A day in the life of a liver intensive therapy unit pharmacist

Sara Sawieres details a typical day as lead pharmacist for the liver intensive therapy unit at King’s College Hospital.

Sara Sawieres

King’s College Hospital in London supports one of the largest liver transplant programmes in Europe and has an integrated hepatology programme that is renowned worldwide. The patient population on the liver intensive therapy unit (LITU) varies significantly from other adult units. We support liver transplantation and have a particular pedigree in the management of acute liver failure, decompensated chronic liver disease, hepatobiliary surgery, pancreatitis and complex abdominal conditions.

I work at King’s College Hospital as part of the liver pharmacy team where I have progressed to my current role as lead pharmacist for LITU. We provide pharmacy services to pre-transplantation, general hepatology and post-transplant cohorts. 

Training and induction

Liver pharmacists usually attend national and international liver meetings to gain insight into novel treatments and procedures. This gives us an understanding of novel therapies. We usually provide basic survival guides by way of introduction to the liver team and we will also send new members out on study days.

09:00 start

I am always wary that we will have new, high-acuity patients on the unit. These patients require unprecedented levels of support but can still have excellent outcomes.

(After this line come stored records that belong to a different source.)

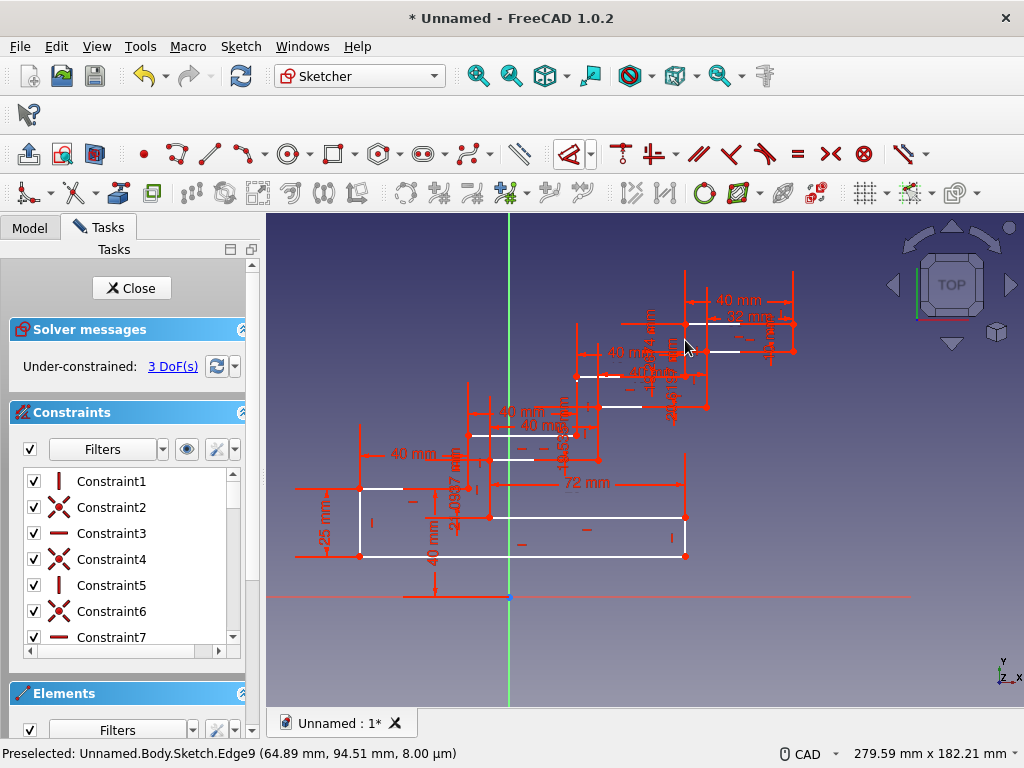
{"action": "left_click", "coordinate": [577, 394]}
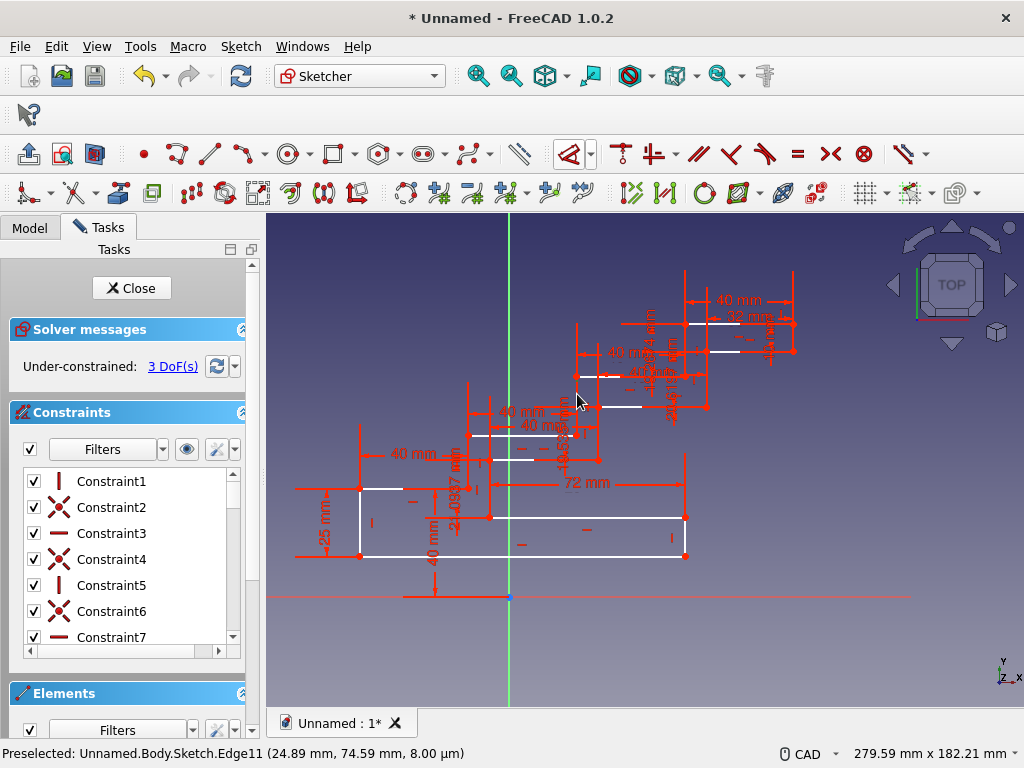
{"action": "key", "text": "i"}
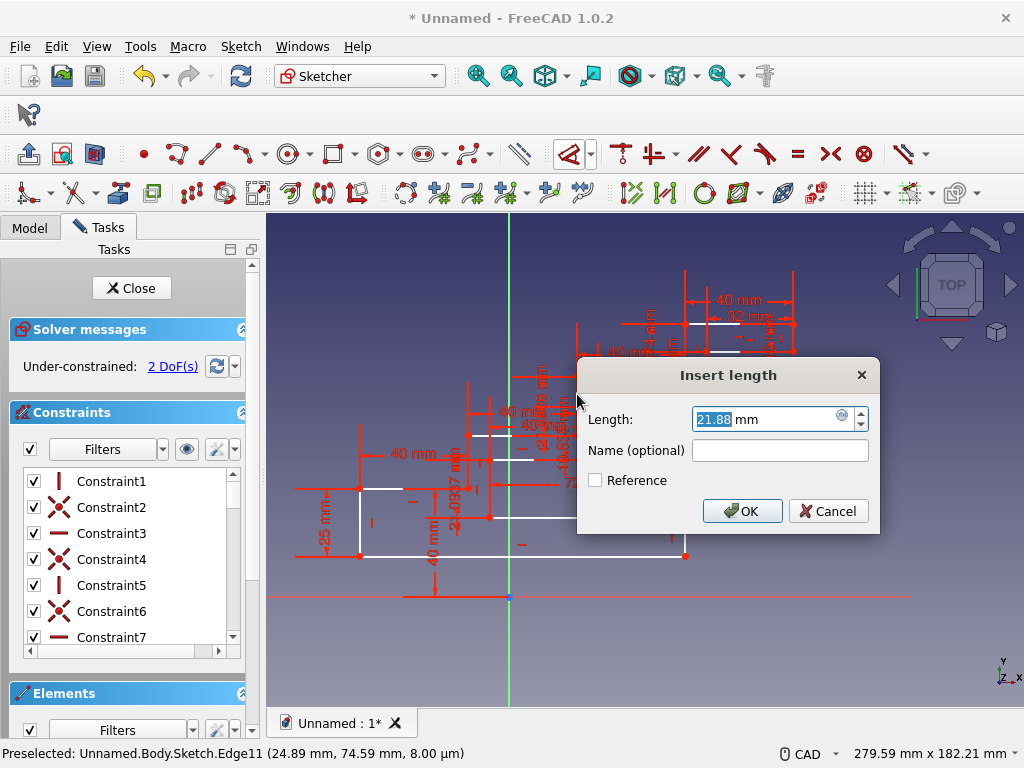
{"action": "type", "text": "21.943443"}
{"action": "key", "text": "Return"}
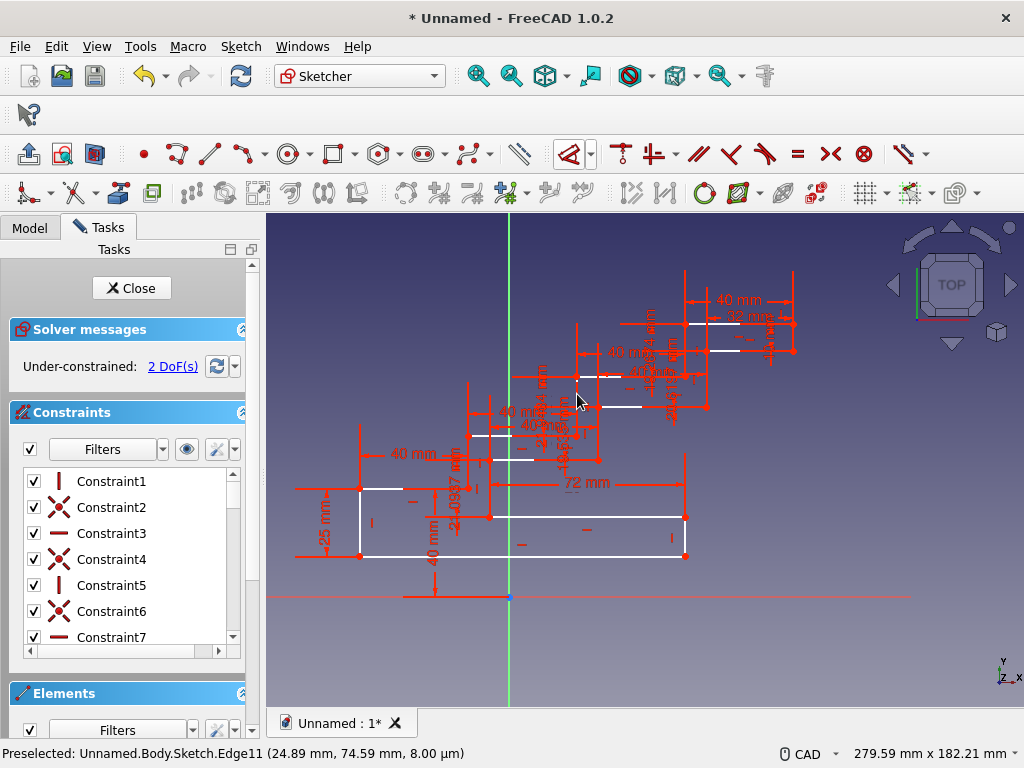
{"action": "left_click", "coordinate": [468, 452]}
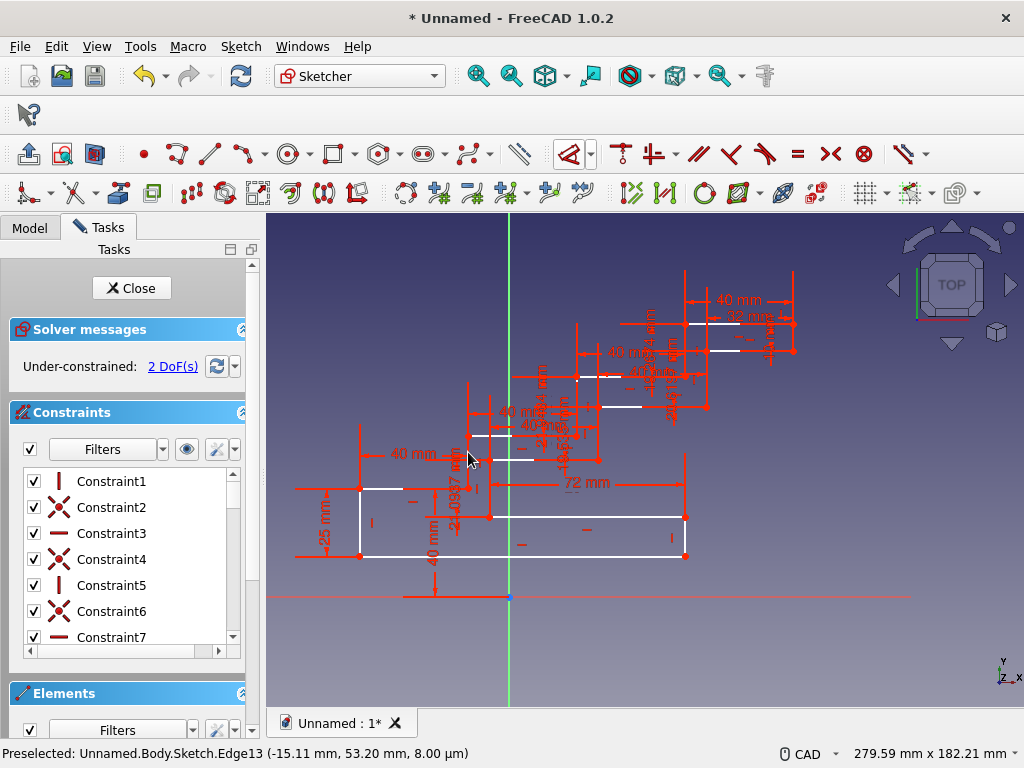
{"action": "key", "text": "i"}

One of the simplest but most important interactions of the day is the immediate handover I receive from the nurse in charge at the start of my shift, who will communicate any issues and tell me about any particularly unwell patients. This helps inform and prioritise my practice.


My first new patient today is a young man diagnosed with rhabdomyolic multi-organ failure and heat stroke following ingestion of MDMA. He presented with “odd behaviour”, followed by seizure activity and coma with circulatory collapse and metabolic disarray on arrival. He was maintained in an induced coma to attenuate rises in intracranial pressure and required noradrenaline and milrinone infusions to maintain his blood pressure and cardiac output. He required continuous veno-venous haemofiltration at supra-normal doses to correct his profound metabolic acidosis, and was scheduled for therapeutic plasma exchange.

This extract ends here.